A case of mistaken identity

A Christian Science perspective: Why overreacting isn’t part of who we are.

I was prone to overreact. If I thought I had the right idea, I felt compelled to press my point of view on others by using forceful words. Often my strong reactions would alienate others. I felt bad when this happened, but that didn’t stop me. I considered my behavior an inherent part of my identity. I mistakenly thought the way I acted was the only way to bring about a positive solution to a situation or outcome. But it was a stressful way of living.

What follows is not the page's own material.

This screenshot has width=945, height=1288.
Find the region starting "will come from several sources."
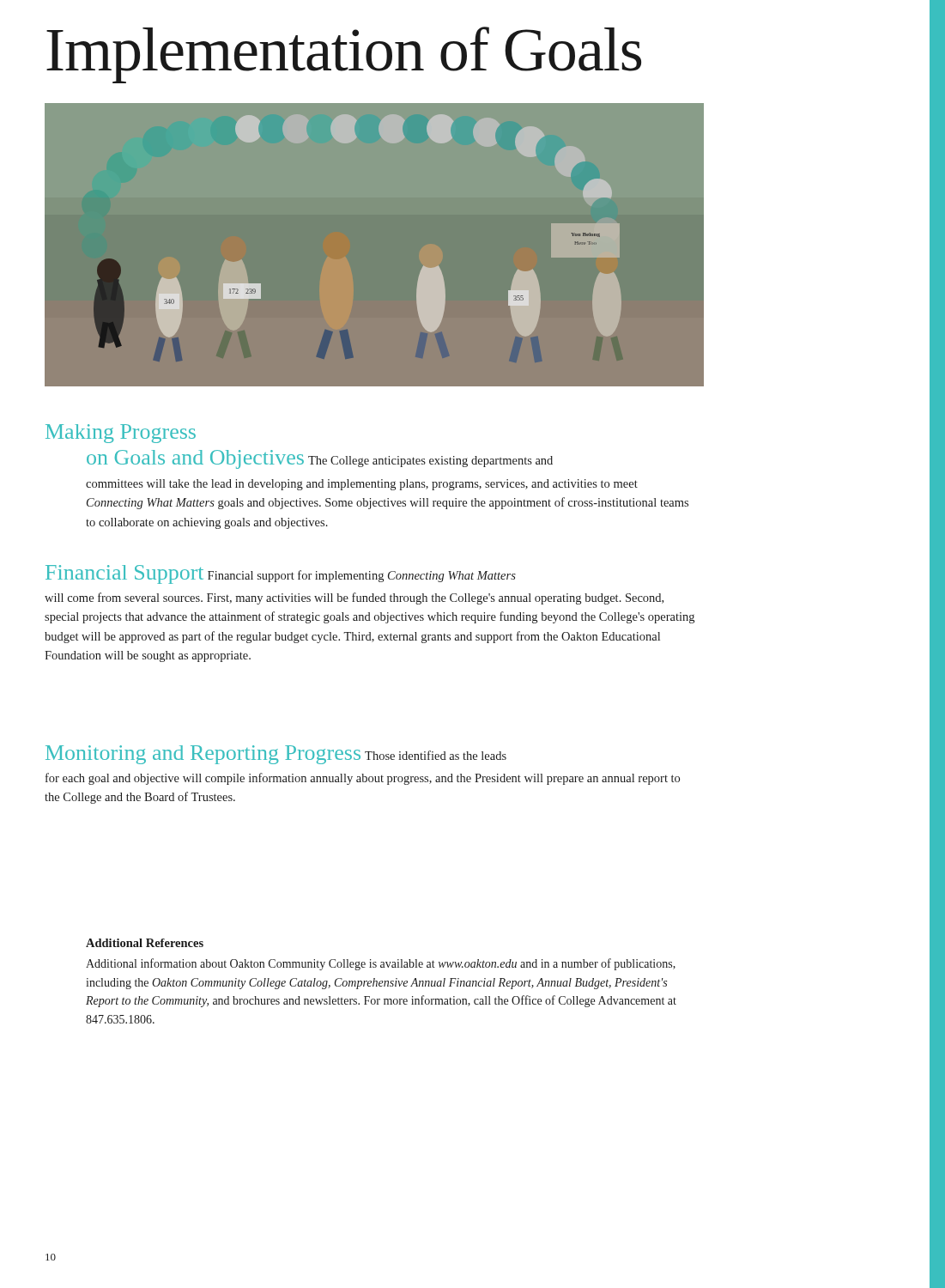[370, 627]

Eventually, I grew weary of the stress. Feeling burdened and tired, I reached out to God in prayer. One way to pray is to listen quietly for divine guidance. When I did this, as I was taught to do in Christian Science, I became aware that the problem was my self-centered sense of identity. The ideas in two verses from the Bible helped me get back on track: “Be still, and know that I am God” (Psalms 46:10) and “God is Love” (I John 4:16). And in her book, “Science and Health with key to the Scriptures,” a book based on the Bible that explains the Science of Christianity, Mary Baker Eddy writes, “There is no power apart from God” (p. 228). It occurred to me that I wouldn’t feel so burdened if I depended on God, divine Love, rather than relying on the force of my personality.

The life of Christ Jesus provides a perfect example of the good we can do when we turn from self and humbly trust God. Jesus healed blindness and raised the dead, yet he said: “The Son can do nothing by himself. He can do only what he sees his Father doing” (John 5:19, New International Reader’s Version). Here, Jesus refers to God as his Father, but he thought of God as everyone’s Father.

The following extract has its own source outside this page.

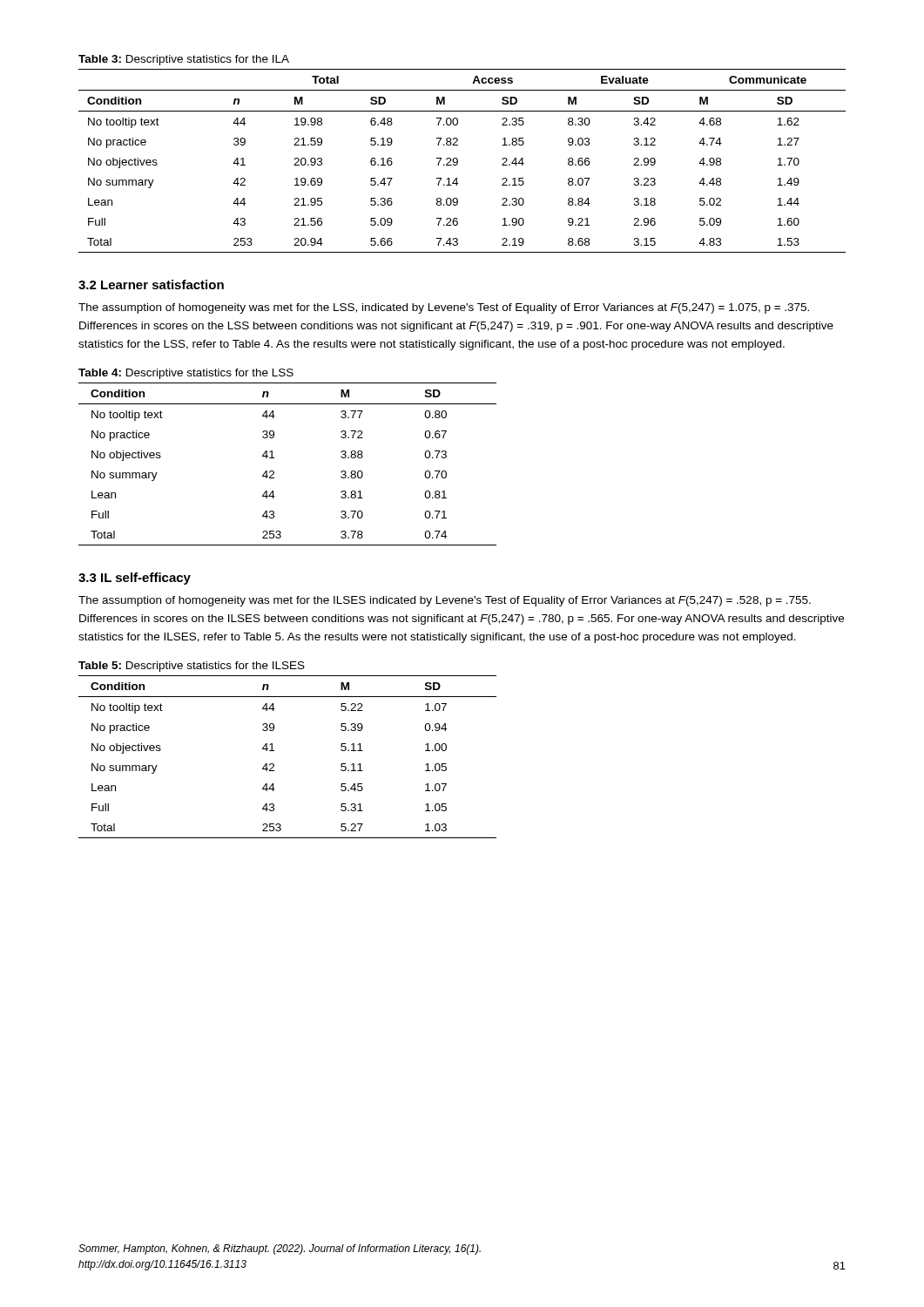
Task: Point to the text starting "3.2 Learner satisfaction"
Action: (151, 284)

Speaking to the multitude, Jesus said, “[C]all no man your father upon the earth: for one is your Father, which is in heaven” (Matthew 23:9), indicating each individual’s direct connection to God. Mrs. Eddy unpacks this idea further when she says, “Man is not God, but like a ray of light which comes from the sun, man, the outcome of God, reflects God” (p. 250). Like Jesus, we can trust that at all times our loving Father is empowering all that is good in ourselves and others.

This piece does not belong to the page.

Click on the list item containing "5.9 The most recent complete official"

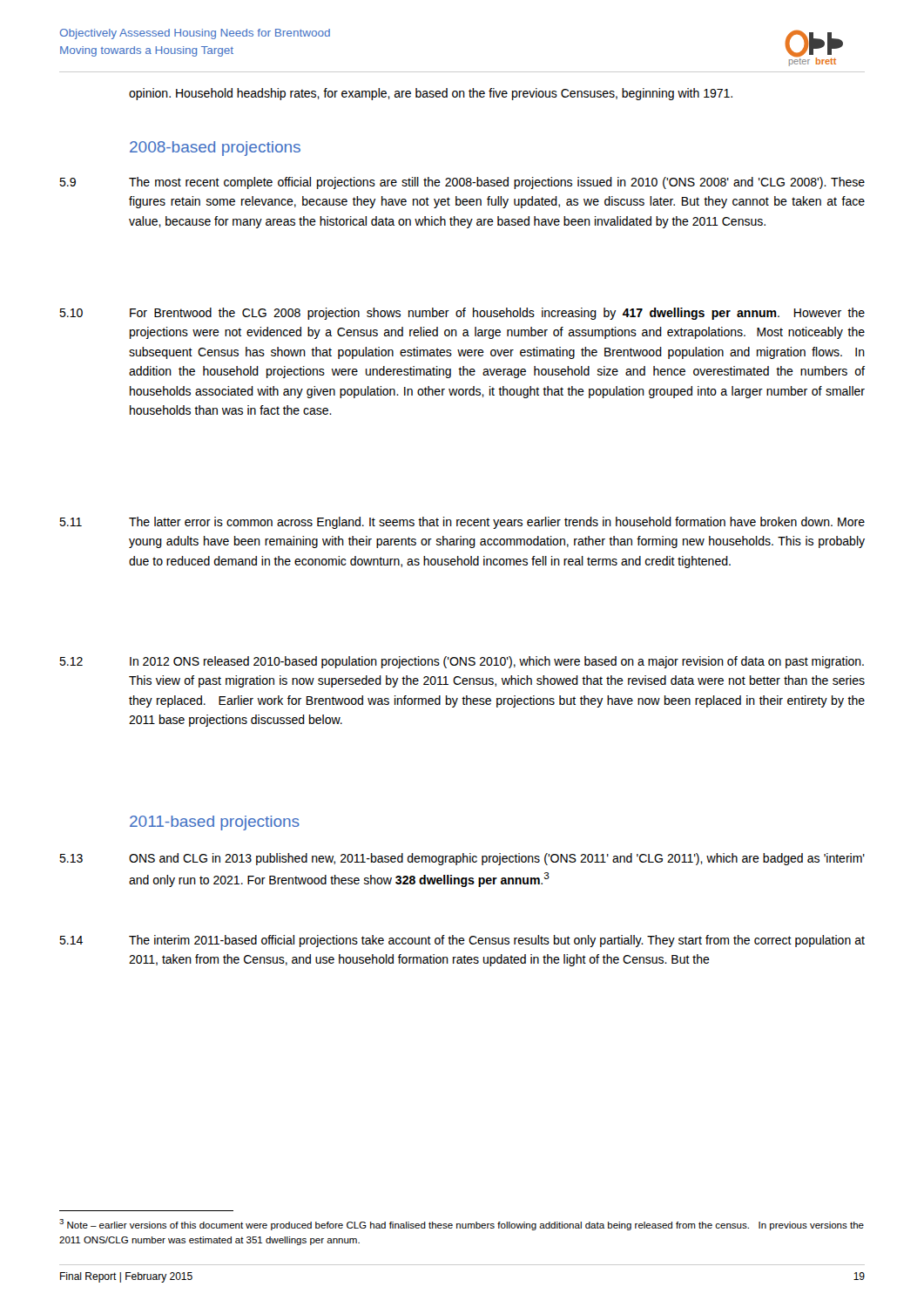(x=462, y=202)

These ideas changed the way I thought about myself. I realized a self-centered sense of identity was a mistaken identity. Since God is the only power and creator, all true identity must proceed from God, who is Love, and therefore must reflect His nature. This new understanding of the reality of my identity removed my false sense of responsibility. Knowing that God is the active power upholding all goodness caused me to consider the ideas of others more carefully. If I thought I had a better idea, I was able to present the idea in a gentle, loving way and trust that if it was God’s idea, others would see the value of it, too. Awake to my real identity as one of God’s children, I now have more peace in my life, and, best of all, I am closer to my fellow man.